Single-photon LiDAR (SPL), based on time-correlated single-photon counting technology, offers extremely high sensitivity. However, its detection capability is severely limited under strong sunlight. Although macropixel combined with multi-photon coincidence detection can effectively suppress background noise, optimizing their multidimensional parameter space traditionally relies on time-consuming, high-cost, and labor-intensive stepwise experimentation, which is also prone to redundancy. Therefore, there is an urgent need to develop a comprehensive and high-throughput method to simplify and optimize the macropixel configuration workflow across different environments.

To overcome these limitations, a simulation method was proposed. This method integrated two core computational models: the photon echo model, which characterized laser beam transmission and target interaction, and the signal readout model, which simulated photon-response behavior in single-photon detectors and described the operational logic of macropixel signal readout circuits. By coupling these models, the optimal macropixel configuration parameters that maximized SPL detection performance in specific environments could be efficiently obtained. Specifically, the photon echo model calculated the expected flux of signal photons returning from the target. Subsequently, the signal readout model simulated the triggering process of the detector in response to signal photons and solar background noise photons, based on Poisson statistics. It determined valid readout signals through an integrated mechanism involving programmable delayed detection windows and tunable photon-event triggering thresholds. By systematically scanning different values for detection window length and triggering threshold, the coupled simulation framework could generate photon-counting histograms for various macropixel configurations under different solar background light intensities.

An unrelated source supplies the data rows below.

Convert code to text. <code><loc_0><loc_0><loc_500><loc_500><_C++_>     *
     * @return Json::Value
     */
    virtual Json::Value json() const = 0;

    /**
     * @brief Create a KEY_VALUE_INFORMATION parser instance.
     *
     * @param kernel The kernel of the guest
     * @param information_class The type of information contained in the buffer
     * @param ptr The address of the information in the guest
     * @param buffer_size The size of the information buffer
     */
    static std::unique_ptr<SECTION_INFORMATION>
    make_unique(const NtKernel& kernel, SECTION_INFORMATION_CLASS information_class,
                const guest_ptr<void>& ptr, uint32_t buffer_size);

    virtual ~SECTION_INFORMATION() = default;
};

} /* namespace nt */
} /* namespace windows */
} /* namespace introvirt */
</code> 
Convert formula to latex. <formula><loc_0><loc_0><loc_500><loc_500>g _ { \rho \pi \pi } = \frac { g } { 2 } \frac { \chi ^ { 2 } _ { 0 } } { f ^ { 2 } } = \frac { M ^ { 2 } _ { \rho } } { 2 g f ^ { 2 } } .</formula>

Using this simulation approach, photon-counting histograms for both single pixels and macropixels under varying solar background light intensities were obtained, followed by detection performance analysis to derive signal-to-noise ratio (SNR) data for macropixels under different background conditions. The results clearly revealed the fundamental limitation of single-pixel SPL under sunlight: it was inherently incapable of effectively extracting target echo signals, with SNRs consistently below 1.0. In stark contrast, macropixel configurations (1 × 2, 2 × 2, 2 × 4) equipped with dynamically optimized coincidence detection parameters exhibited strong noise suppression and significant SNR enhancement. Crucially, the proposed method identified specific combinations of detection window timing and triggering thresholds that maximized SNR for each macropixel size under given background conditions. For instance, under an extreme solar background intensity of 70 klx, optimized parameter combinations achieved SNRs of 10.25 for 1 × 2 macropixels, 12.26 for 2 × 2 macropixels, and 17.51 for 2 × 4 macropixels (Table 2 ~ Table 4)—representing orders-of-magnitude improvements over single-pixel performance. Furthermore, photon-counting histograms of optimized macropixels consistently displayed a prominent and distinct peak, a feature entirely absent in single-pixel histograms. These results robustly demonstrated the inherent superiority of macropixel coincidence detection schemes for noise suppression. This indicated that, given known LiDAR system specifications, selected macropixel structures, and background light intensity, the proposed simulation method could rapidly and efficiently determine the precise combination of triggering threshold levels and coincidence window lengths required to achieve the optimal SNR for that specific operating point.

This study successfully implements and validates a global simulation framework for spatiotemporal coincidence detection mechanisms in macropixel signal readout within SPL systems. Its core achievement lies in determining the specific optimal combination of photon-event triggering thresholds and coincidence detection window parameters that maximize system SNR for given LiDAR system parameters, macropixel structures, and current background light intensity. This simulation method offers a viable alternative to expensive and time-consuming experimental iterations, facilitates efficient exploration of macropixels’ complex parameter space, and establishes a critical theoretical and practical foundation for optimizing and accelerating the development of macropixel-based signal readout circuits.